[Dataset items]
++++++++++++++++++++
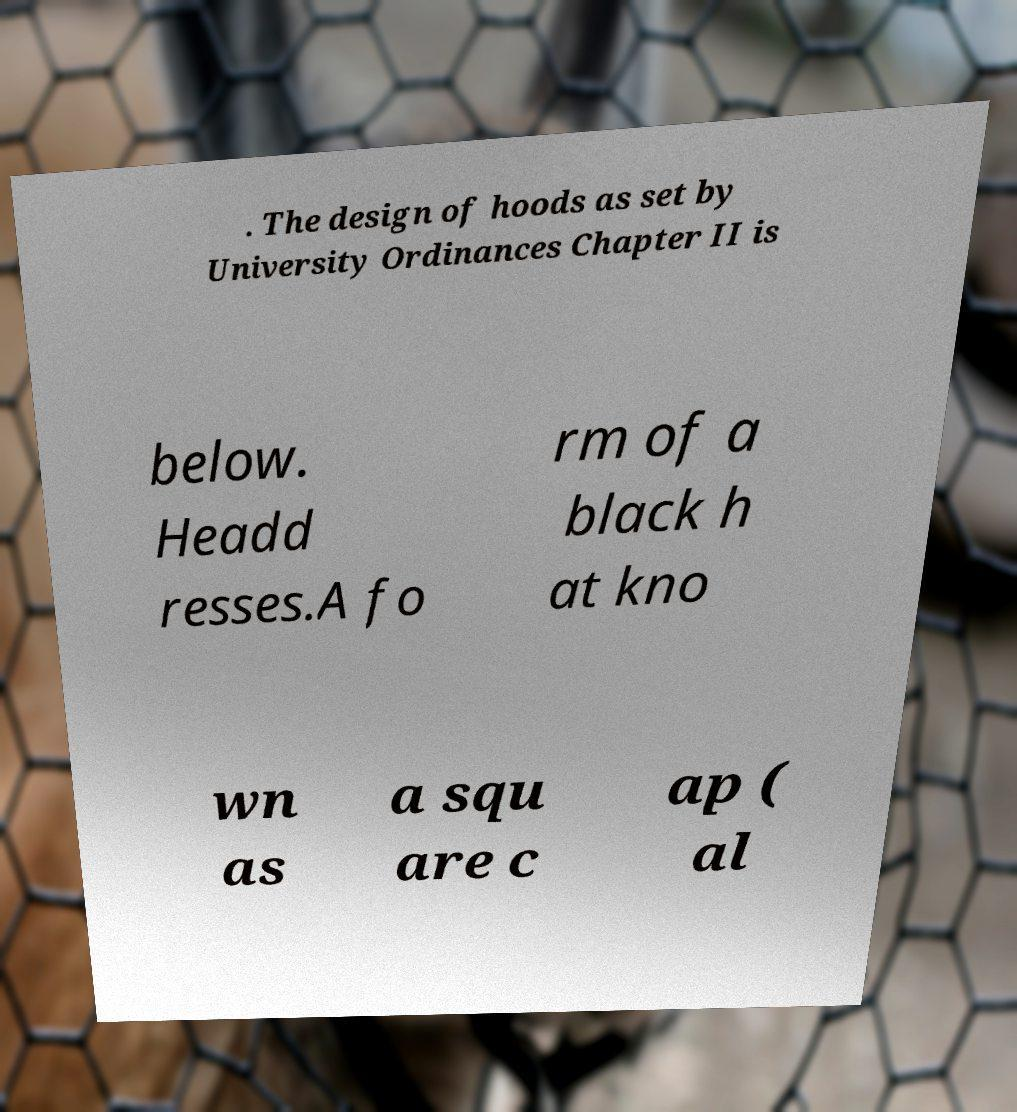What messages or text are displayed in this image? I need them in a readable, typed format. . The design of hoods as set by University Ordinances Chapter II is below. Headd resses.A fo rm of a black h at kno wn as a squ are c ap ( al 
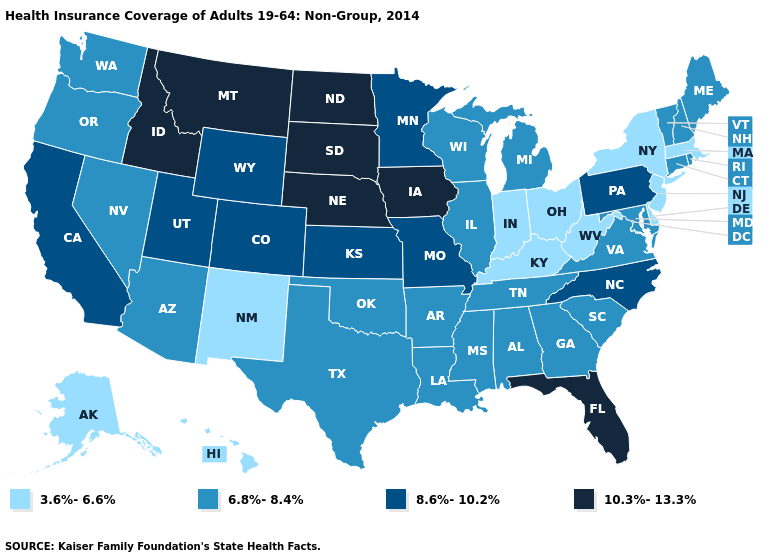Name the states that have a value in the range 8.6%-10.2%?
Short answer required. California, Colorado, Kansas, Minnesota, Missouri, North Carolina, Pennsylvania, Utah, Wyoming. Does Kentucky have the highest value in the South?
Quick response, please. No. Does New Jersey have a higher value than Virginia?
Short answer required. No. Does New Mexico have the lowest value in the West?
Answer briefly. Yes. Name the states that have a value in the range 6.8%-8.4%?
Keep it brief. Alabama, Arizona, Arkansas, Connecticut, Georgia, Illinois, Louisiana, Maine, Maryland, Michigan, Mississippi, Nevada, New Hampshire, Oklahoma, Oregon, Rhode Island, South Carolina, Tennessee, Texas, Vermont, Virginia, Washington, Wisconsin. What is the highest value in the USA?
Short answer required. 10.3%-13.3%. Does Vermont have the highest value in the Northeast?
Short answer required. No. Name the states that have a value in the range 8.6%-10.2%?
Keep it brief. California, Colorado, Kansas, Minnesota, Missouri, North Carolina, Pennsylvania, Utah, Wyoming. Which states have the lowest value in the West?
Quick response, please. Alaska, Hawaii, New Mexico. Is the legend a continuous bar?
Short answer required. No. What is the value of Minnesota?
Keep it brief. 8.6%-10.2%. What is the value of Kansas?
Give a very brief answer. 8.6%-10.2%. Does Nevada have the same value as Connecticut?
Concise answer only. Yes. Does the first symbol in the legend represent the smallest category?
Give a very brief answer. Yes. 
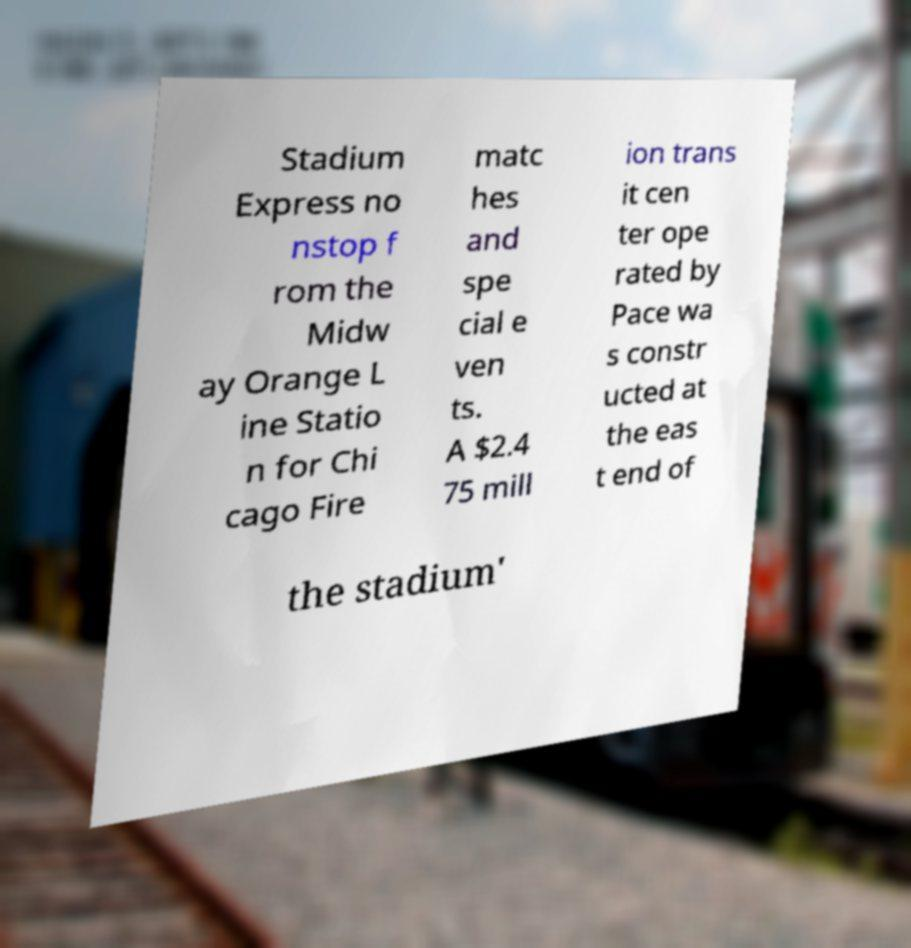What messages or text are displayed in this image? I need them in a readable, typed format. Stadium Express no nstop f rom the Midw ay Orange L ine Statio n for Chi cago Fire matc hes and spe cial e ven ts. A $2.4 75 mill ion trans it cen ter ope rated by Pace wa s constr ucted at the eas t end of the stadium' 
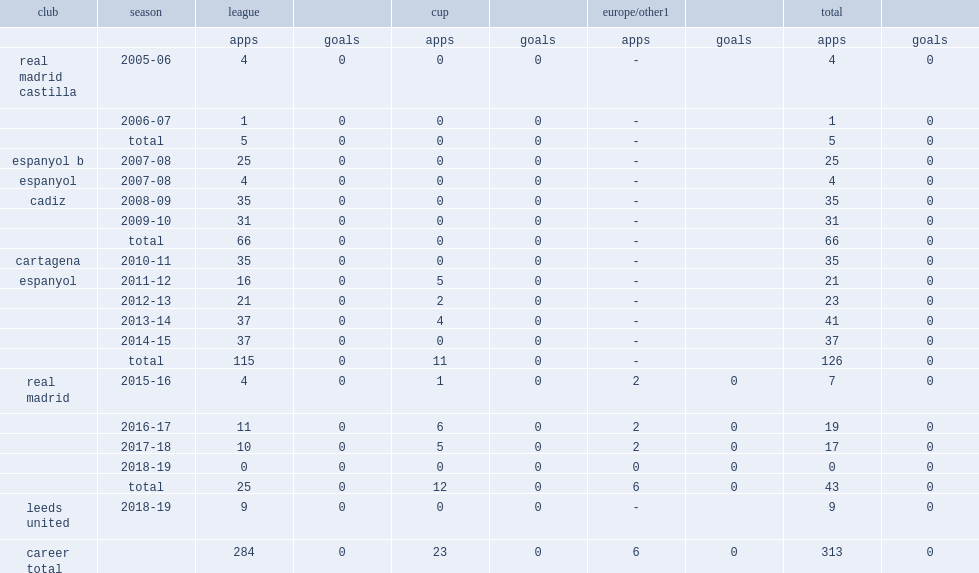What was the total number of appearances made by kiko casilla for espanyol? 126.0. 
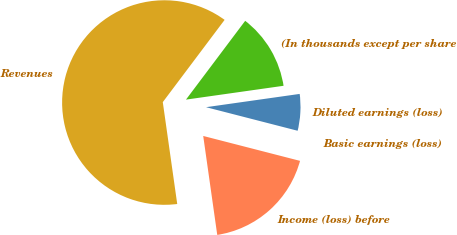Convert chart. <chart><loc_0><loc_0><loc_500><loc_500><pie_chart><fcel>(In thousands except per share<fcel>Revenues<fcel>Income (loss) before<fcel>Basic earnings (loss)<fcel>Diluted earnings (loss)<nl><fcel>12.5%<fcel>62.5%<fcel>18.75%<fcel>0.0%<fcel>6.25%<nl></chart> 
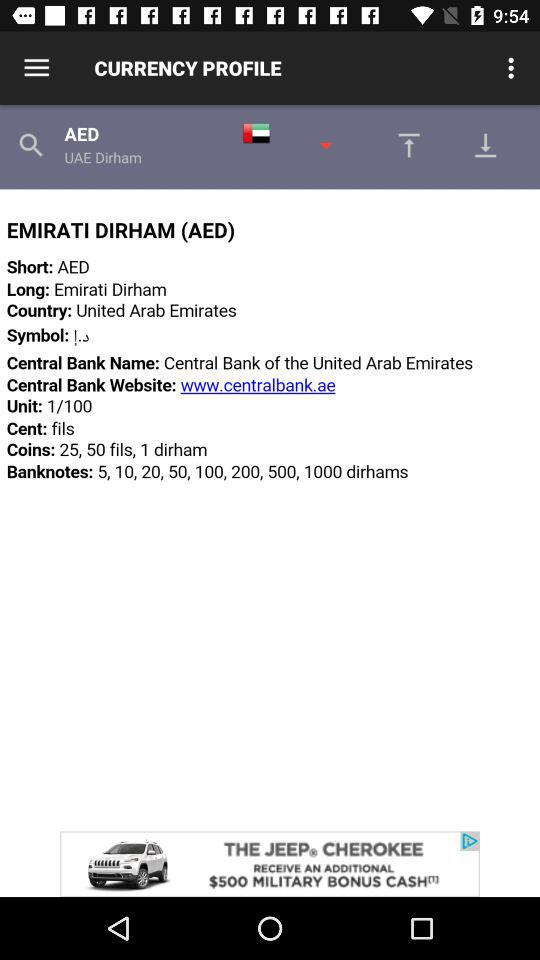Which tab has been selected?
When the provided information is insufficient, respond with <no answer>. <no answer> 
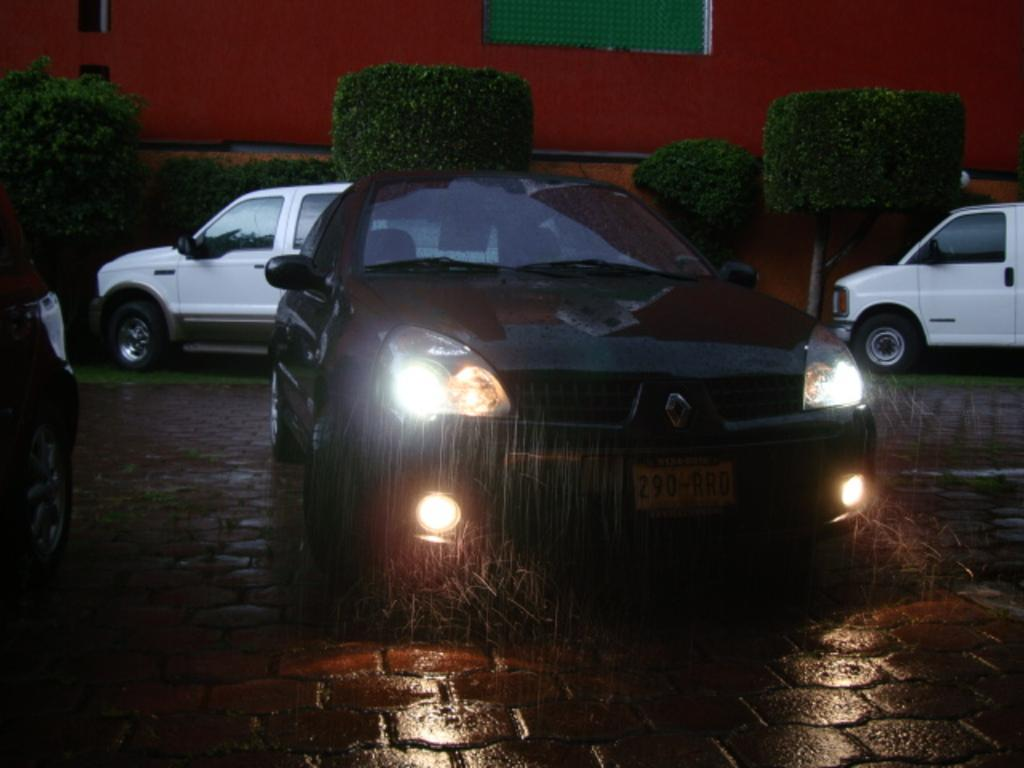What is the main subject in the center of the image? There is a car in the center of the image. What can be seen in the background of the image? There is a building in the background of the image. What type of vegetation is visible in the image? There are plants visible in the image. Are there any other cars in the image besides the one in the center? Yes, there are other cars in the image. What type of vessel is being used to cook in the image? There is no vessel or cooking activity present in the image. 
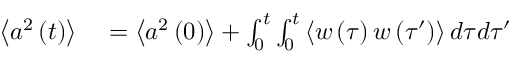Convert formula to latex. <formula><loc_0><loc_0><loc_500><loc_500>\begin{array} { r l } { \left \langle a ^ { 2 } \left ( t \right ) \right \rangle } & = \left \langle a ^ { 2 } \left ( 0 \right ) \right \rangle + \int _ { 0 } ^ { t } \int _ { 0 } ^ { t } \left \langle w \left ( \tau \right ) w \left ( \tau ^ { \prime } \right ) \right \rangle d \tau d \tau ^ { \prime } } \end{array}</formula> 
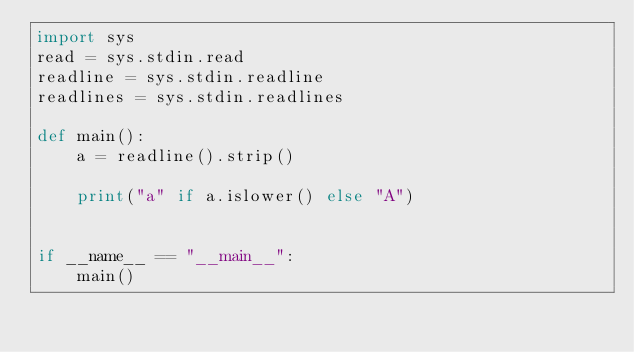<code> <loc_0><loc_0><loc_500><loc_500><_Python_>import sys
read = sys.stdin.read
readline = sys.stdin.readline
readlines = sys.stdin.readlines

def main():
    a = readline().strip()

    print("a" if a.islower() else "A")


if __name__ == "__main__":
    main()
</code> 
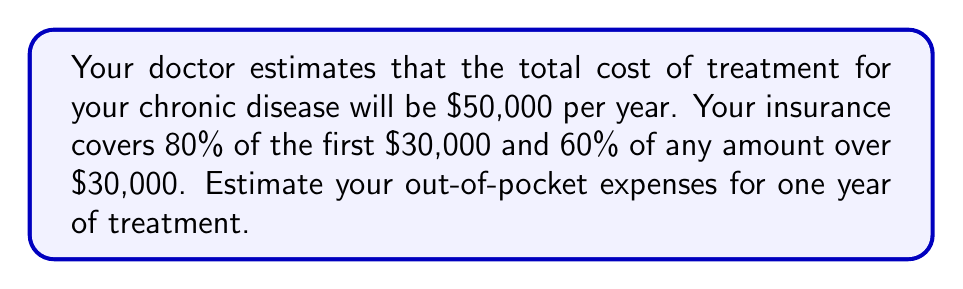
++++++++++++++++++++
Among the lines above, the one with "of the stadium'" opens the part to repeat and the one with "What was the" closes it; repeat only that part exactly, with no pictures.

WRITTEN RESPONSE
What messages or text are displayed in this image? I need them in a readable, typed format. Stadium Express no nstop f rom the Midw ay Orange L ine Statio n for Chi cago Fire matc hes and spe cial e ven ts. A $2.4 75 mill ion trans it cen ter ope rated by Pace wa s constr ucted at the eas t end of the stadium' 
What was the total number of appearances made by kiko casilla for espanyol? 126.0. 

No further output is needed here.